**YOUR OBJECTIVE:** Using the records below, write out the line with "text 17. Susisiekimo" and each line after it through the final one, exactly, and only those.

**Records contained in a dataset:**
━━━━━━━━━━━━━━━━━━━━

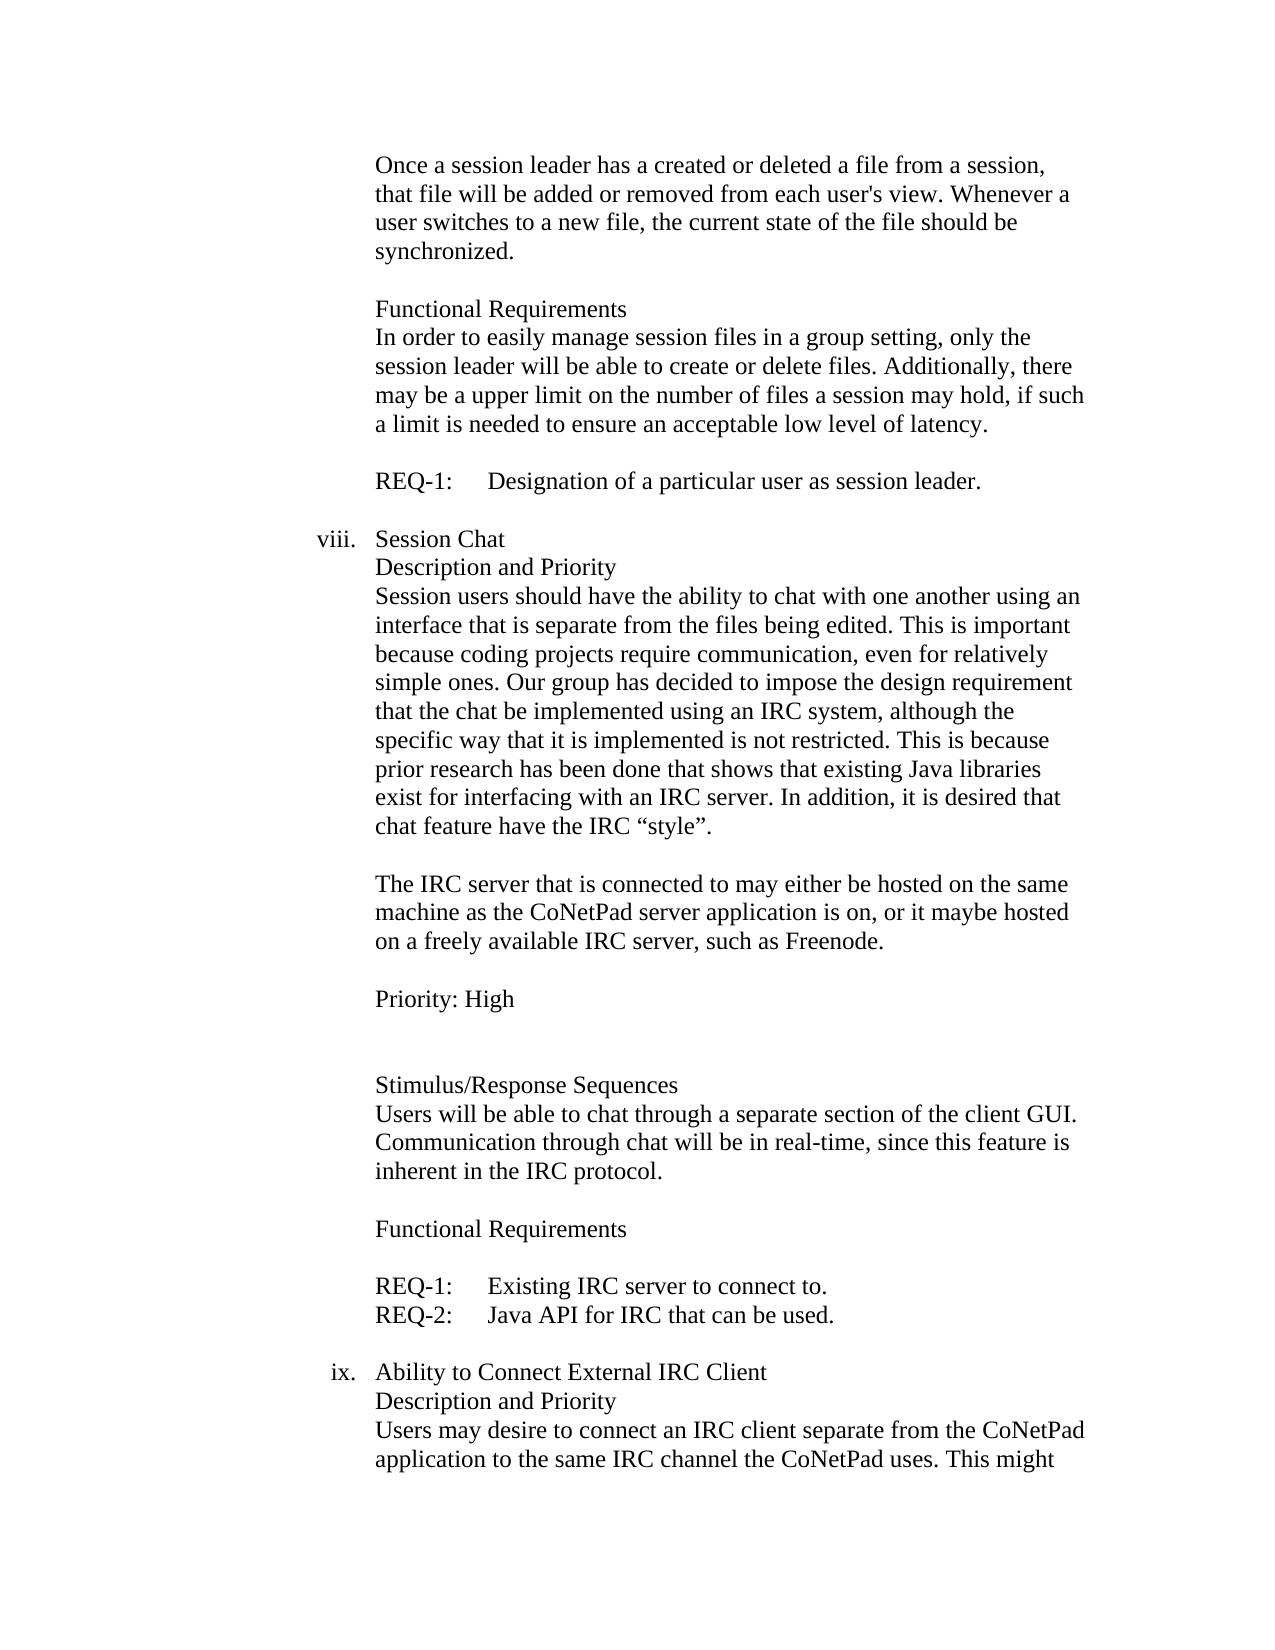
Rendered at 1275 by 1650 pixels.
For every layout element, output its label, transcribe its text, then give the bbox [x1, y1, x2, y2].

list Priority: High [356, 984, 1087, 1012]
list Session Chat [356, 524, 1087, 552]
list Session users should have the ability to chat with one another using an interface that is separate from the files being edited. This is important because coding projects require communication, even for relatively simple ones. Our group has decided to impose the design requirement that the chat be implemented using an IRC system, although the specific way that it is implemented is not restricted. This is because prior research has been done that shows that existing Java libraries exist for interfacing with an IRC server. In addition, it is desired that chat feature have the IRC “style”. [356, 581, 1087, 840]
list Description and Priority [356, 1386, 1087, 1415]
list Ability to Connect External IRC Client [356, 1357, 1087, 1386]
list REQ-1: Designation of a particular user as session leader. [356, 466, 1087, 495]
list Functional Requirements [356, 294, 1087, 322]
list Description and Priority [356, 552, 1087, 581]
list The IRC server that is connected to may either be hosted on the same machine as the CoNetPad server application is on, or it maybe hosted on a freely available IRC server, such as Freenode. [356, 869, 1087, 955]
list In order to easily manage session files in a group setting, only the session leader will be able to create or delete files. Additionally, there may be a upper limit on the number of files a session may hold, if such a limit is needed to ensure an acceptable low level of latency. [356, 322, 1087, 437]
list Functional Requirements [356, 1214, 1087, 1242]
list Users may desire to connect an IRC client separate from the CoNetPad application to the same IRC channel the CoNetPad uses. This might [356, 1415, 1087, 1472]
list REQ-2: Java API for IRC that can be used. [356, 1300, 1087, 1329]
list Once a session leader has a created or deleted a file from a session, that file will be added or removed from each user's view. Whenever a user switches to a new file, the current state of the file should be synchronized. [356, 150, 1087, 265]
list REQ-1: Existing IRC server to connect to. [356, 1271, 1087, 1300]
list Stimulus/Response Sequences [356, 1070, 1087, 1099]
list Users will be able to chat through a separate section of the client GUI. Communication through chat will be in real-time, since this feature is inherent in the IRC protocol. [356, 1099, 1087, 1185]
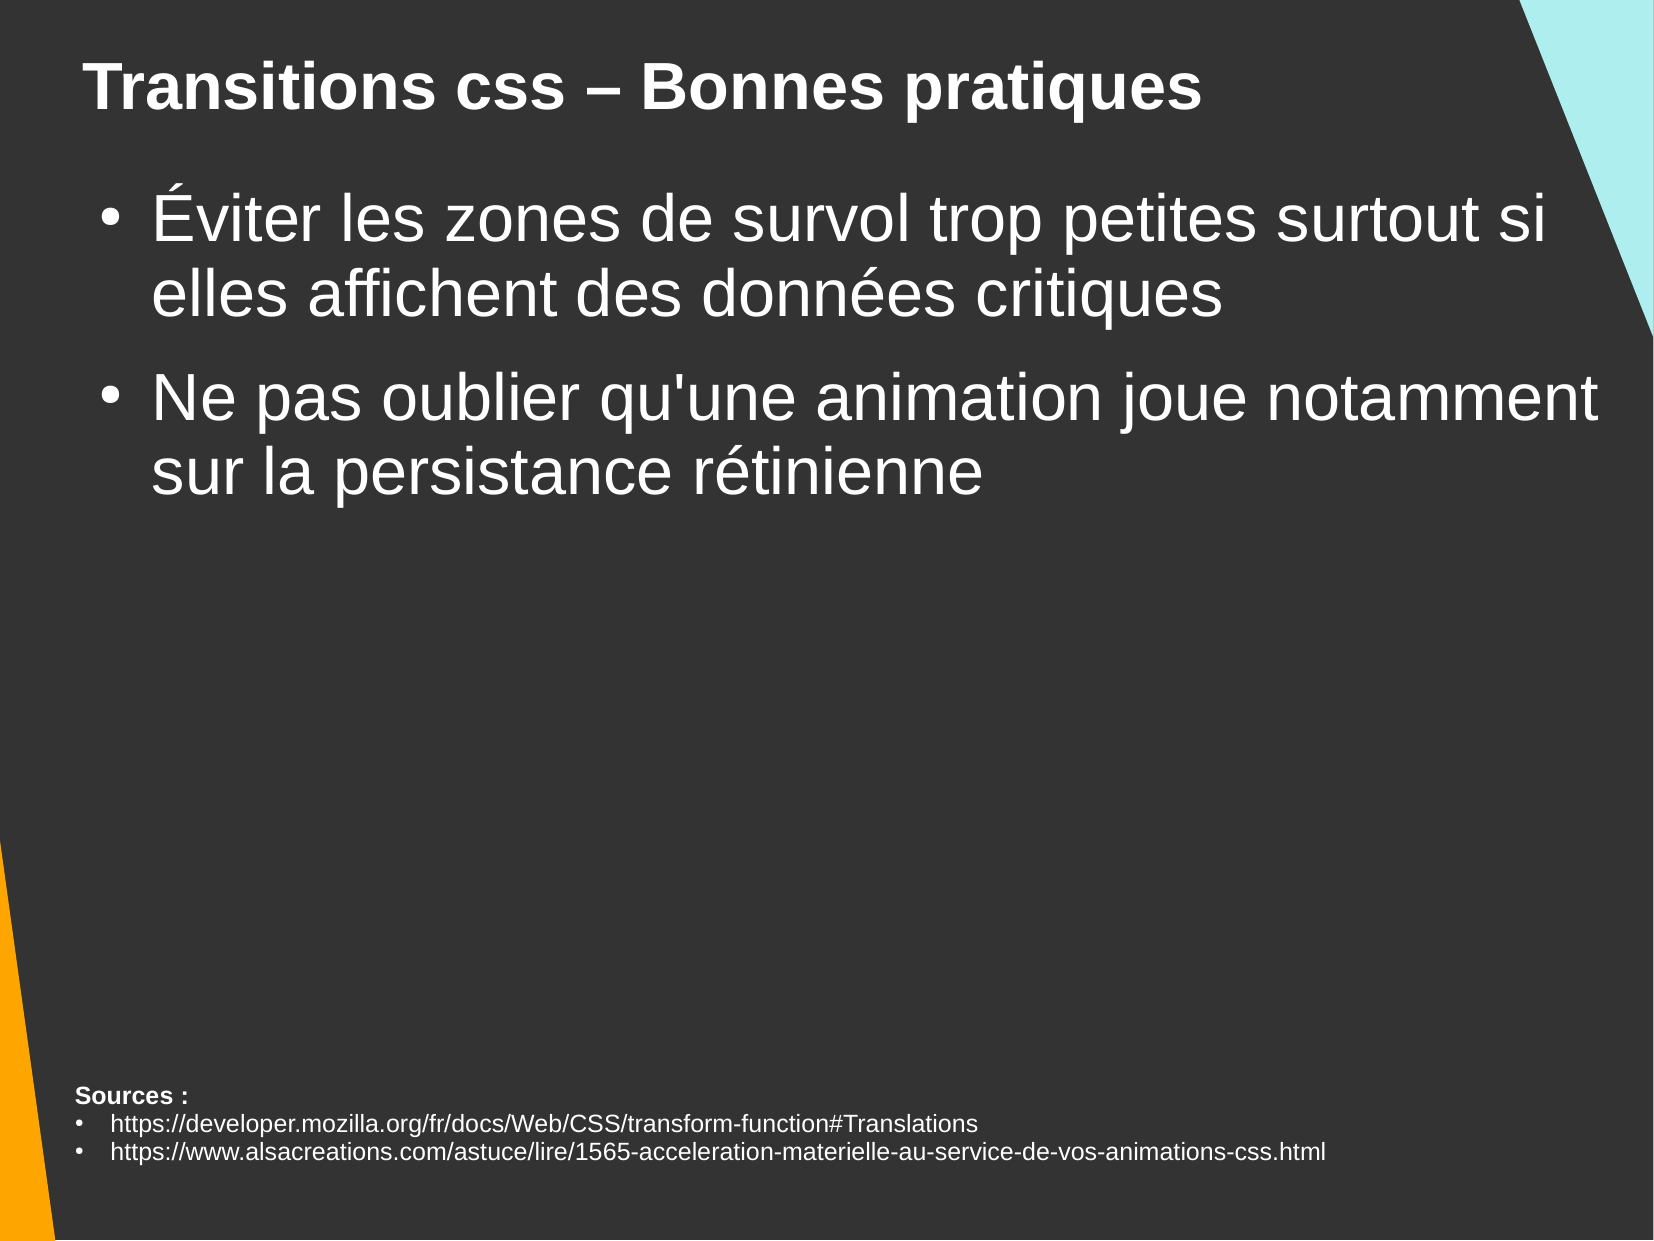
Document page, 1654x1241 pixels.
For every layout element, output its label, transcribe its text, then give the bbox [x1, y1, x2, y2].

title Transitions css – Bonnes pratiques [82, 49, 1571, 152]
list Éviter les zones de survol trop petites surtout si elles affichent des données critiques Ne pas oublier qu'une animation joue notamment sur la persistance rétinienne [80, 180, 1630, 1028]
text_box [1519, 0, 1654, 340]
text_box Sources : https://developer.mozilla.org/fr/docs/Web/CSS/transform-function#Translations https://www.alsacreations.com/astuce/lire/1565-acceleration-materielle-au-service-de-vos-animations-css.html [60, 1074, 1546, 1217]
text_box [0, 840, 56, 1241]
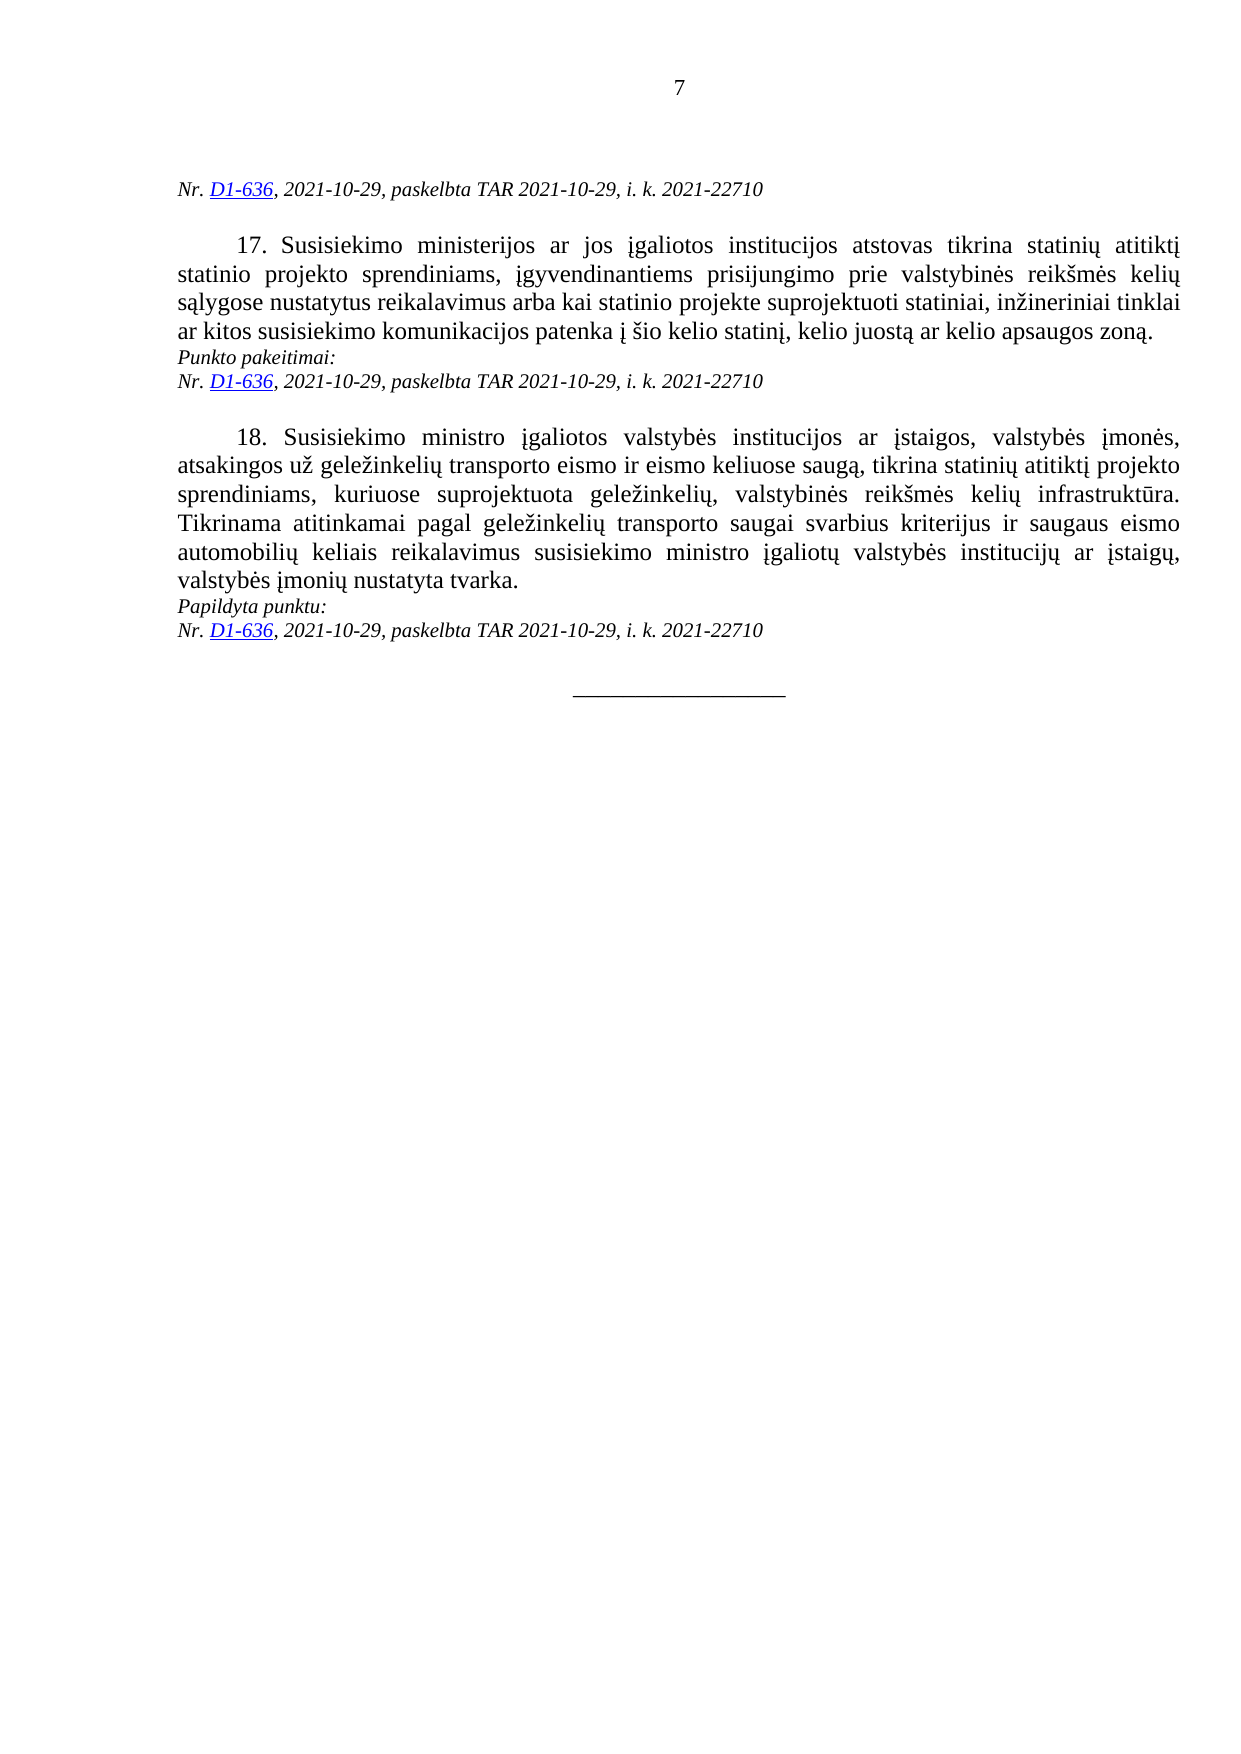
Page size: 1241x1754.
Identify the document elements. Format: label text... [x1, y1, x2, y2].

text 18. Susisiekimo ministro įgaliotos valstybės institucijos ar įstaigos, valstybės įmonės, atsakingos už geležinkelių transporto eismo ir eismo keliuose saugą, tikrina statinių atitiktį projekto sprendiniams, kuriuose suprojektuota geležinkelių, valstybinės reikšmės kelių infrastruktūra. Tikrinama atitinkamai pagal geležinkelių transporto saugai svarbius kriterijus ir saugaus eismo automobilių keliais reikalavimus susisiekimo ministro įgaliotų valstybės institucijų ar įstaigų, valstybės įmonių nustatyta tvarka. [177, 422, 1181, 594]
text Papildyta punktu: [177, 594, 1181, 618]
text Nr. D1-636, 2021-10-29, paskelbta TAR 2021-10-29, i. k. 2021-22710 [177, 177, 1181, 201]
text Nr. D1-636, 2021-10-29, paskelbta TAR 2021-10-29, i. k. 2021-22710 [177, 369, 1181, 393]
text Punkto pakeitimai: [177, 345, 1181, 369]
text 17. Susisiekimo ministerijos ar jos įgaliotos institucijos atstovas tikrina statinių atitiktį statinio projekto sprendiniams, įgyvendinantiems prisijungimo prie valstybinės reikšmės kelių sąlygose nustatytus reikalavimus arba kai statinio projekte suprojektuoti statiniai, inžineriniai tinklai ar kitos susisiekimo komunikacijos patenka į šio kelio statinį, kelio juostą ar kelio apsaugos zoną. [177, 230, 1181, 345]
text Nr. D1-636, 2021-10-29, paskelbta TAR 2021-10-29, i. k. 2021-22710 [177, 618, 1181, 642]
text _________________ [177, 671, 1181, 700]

━━━━━━━━━━━━━━━━━━━━

**SOLUTION FOR THIS EXERCISE:**
text 17. Susisiekimo ministerijos ar jos įgaliotos institucijos atstovas tikrina statinių atitiktį statinio projekto sprendiniams, įgyvendinantiems prisijungimo prie valstybinės reikšmės kelių sąlygose nustatytus reikalavimus arba kai statinio projekte suprojektuoti statiniai, inžineriniai tinklai ar kitos susisiekimo komunikacijos patenka į šio kelio statinį, kelio juostą ar kelio apsaugos zoną. [177, 230, 1181, 345]
text Nr. D1-636, 2021-10-29, paskelbta TAR 2021-10-29, i. k. 2021-22710 [177, 618, 1181, 642]
text _________________ [177, 671, 1181, 700]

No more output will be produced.